* Assignment *
Please output the data below exactly as given, starting at its first line and stopping after the line that contains "- bicycle rack".

===== Exercise data =====

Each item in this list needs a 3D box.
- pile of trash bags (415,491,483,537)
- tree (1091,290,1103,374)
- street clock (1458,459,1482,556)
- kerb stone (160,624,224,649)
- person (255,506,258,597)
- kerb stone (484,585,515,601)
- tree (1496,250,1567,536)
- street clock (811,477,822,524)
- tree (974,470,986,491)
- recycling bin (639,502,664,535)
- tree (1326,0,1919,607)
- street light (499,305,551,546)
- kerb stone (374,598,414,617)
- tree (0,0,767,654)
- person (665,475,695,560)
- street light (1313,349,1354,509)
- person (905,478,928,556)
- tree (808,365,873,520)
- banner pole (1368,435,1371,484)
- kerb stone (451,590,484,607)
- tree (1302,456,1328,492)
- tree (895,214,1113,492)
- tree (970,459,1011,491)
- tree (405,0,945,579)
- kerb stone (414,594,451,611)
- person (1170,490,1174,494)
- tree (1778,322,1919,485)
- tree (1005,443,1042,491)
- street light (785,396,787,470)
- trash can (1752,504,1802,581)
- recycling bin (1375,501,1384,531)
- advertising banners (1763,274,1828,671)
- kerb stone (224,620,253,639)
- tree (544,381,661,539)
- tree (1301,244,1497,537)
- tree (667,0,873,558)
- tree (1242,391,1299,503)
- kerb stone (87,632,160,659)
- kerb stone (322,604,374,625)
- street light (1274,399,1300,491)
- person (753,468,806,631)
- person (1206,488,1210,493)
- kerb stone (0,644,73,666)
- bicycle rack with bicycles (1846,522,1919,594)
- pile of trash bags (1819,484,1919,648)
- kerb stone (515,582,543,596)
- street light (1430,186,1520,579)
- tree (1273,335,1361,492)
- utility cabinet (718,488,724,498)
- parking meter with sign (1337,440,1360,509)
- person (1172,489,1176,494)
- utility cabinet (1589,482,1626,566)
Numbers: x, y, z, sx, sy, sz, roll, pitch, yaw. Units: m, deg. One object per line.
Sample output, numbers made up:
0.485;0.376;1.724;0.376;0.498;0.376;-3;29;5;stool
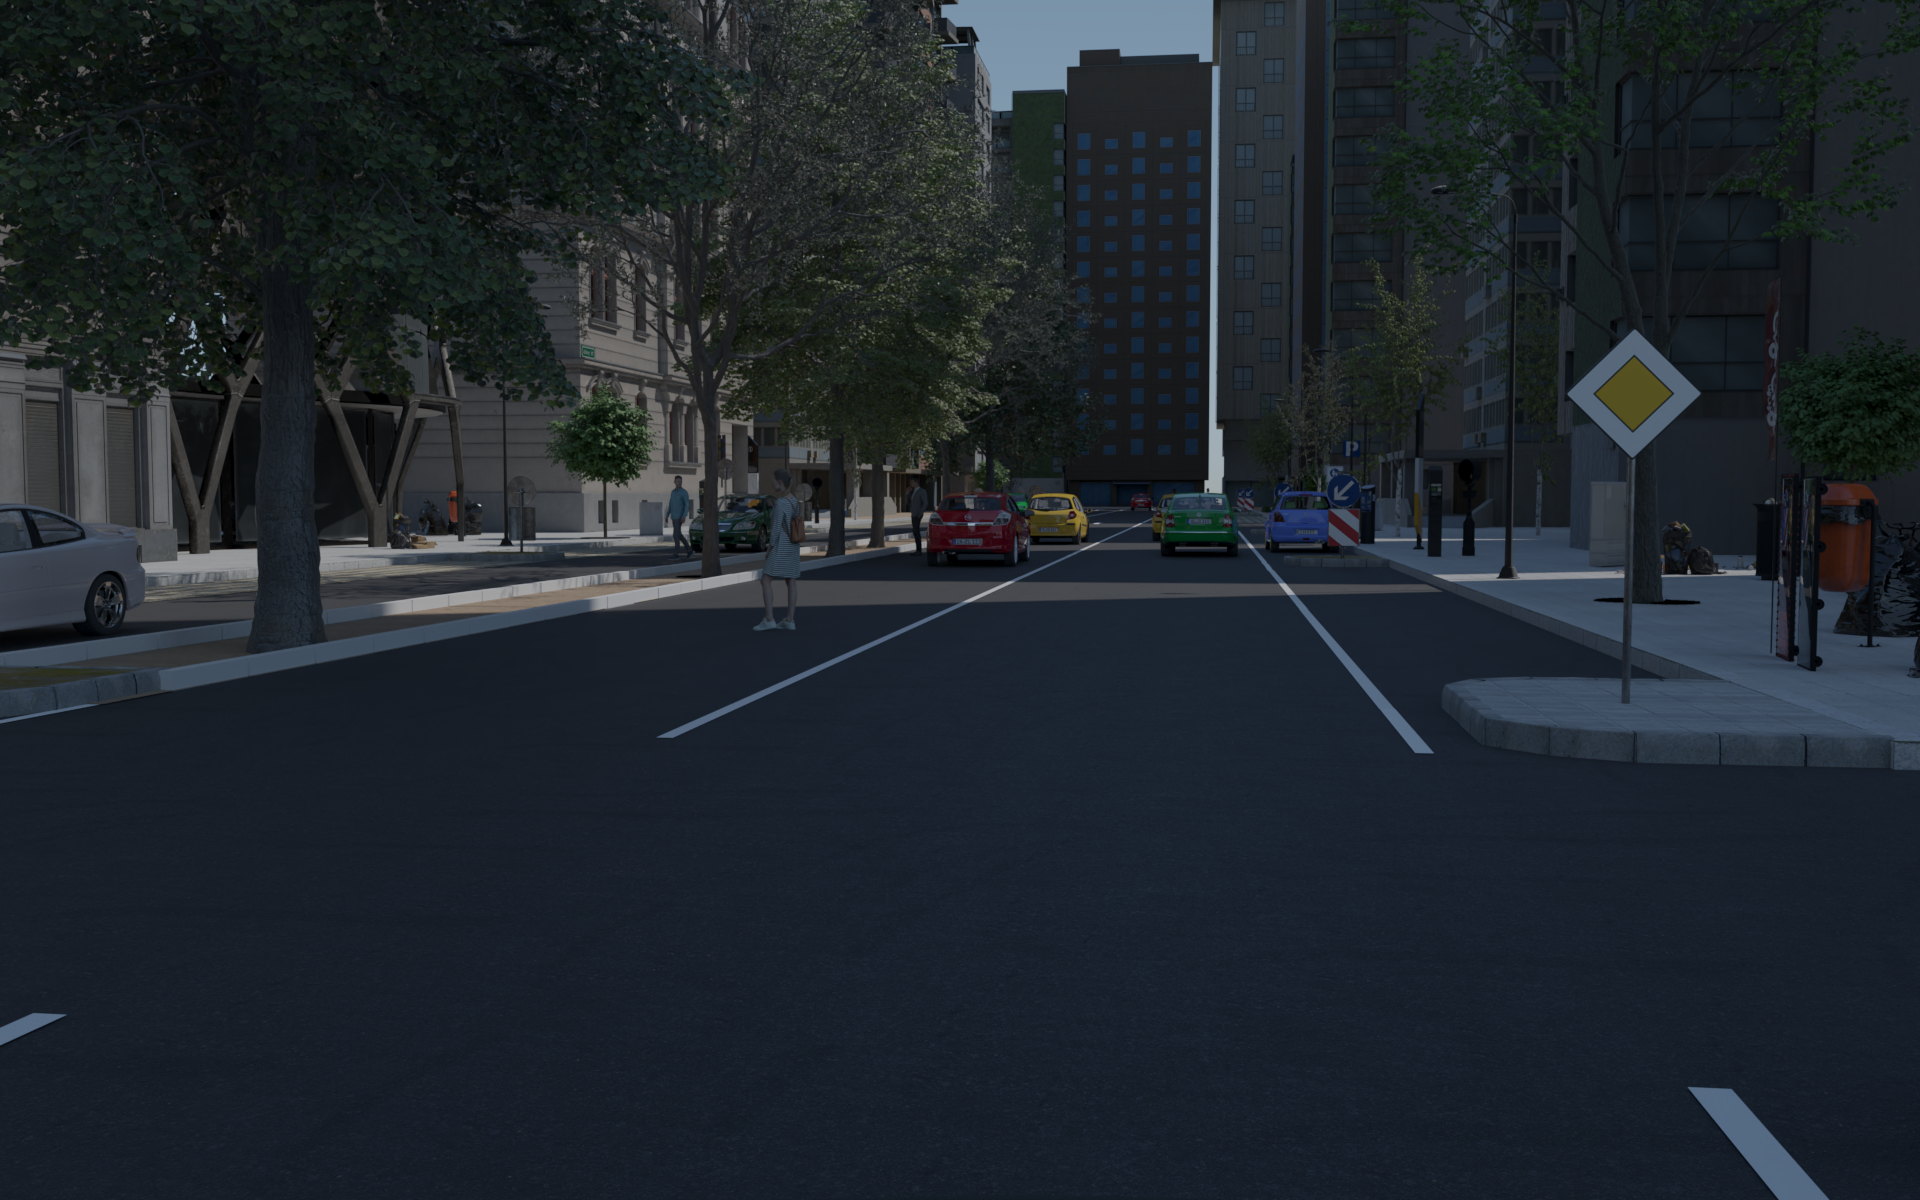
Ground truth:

=====

* Exercise solution *
Each item in this list needs a 3D box.
- pile of trash bags (415,491,483,537)
- tree (1091,290,1103,374)
- street clock (1458,459,1482,556)
- kerb stone (160,624,224,649)
- person (255,506,258,597)
- kerb stone (484,585,515,601)
- tree (1496,250,1567,536)
- street clock (811,477,822,524)
- tree (974,470,986,491)
- recycling bin (639,502,664,535)
- tree (1326,0,1919,607)
- street light (499,305,551,546)
- kerb stone (374,598,414,617)
- tree (0,0,767,654)
- person (665,475,695,560)
- street light (1313,349,1354,509)
- person (905,478,928,556)
- tree (808,365,873,520)
- banner pole (1368,435,1371,484)
- kerb stone (451,590,484,607)
- tree (1302,456,1328,492)
- tree (895,214,1113,492)
- tree (970,459,1011,491)
- tree (405,0,945,579)
- kerb stone (414,594,451,611)
- person (1170,490,1174,494)
- tree (1778,322,1919,485)
- tree (1005,443,1042,491)
- street light (785,396,787,470)
- trash can (1752,504,1802,581)
- recycling bin (1375,501,1384,531)
- advertising banners (1763,274,1828,671)
- kerb stone (224,620,253,639)
- tree (544,381,661,539)
- tree (1301,244,1497,537)
- tree (667,0,873,558)
- tree (1242,391,1299,503)
- kerb stone (87,632,160,659)
- kerb stone (322,604,374,625)
- street light (1274,399,1300,491)
- person (753,468,806,631)
- person (1206,488,1210,493)
- kerb stone (0,644,73,666)
- bicycle rack with bicycles (1846,522,1919,594)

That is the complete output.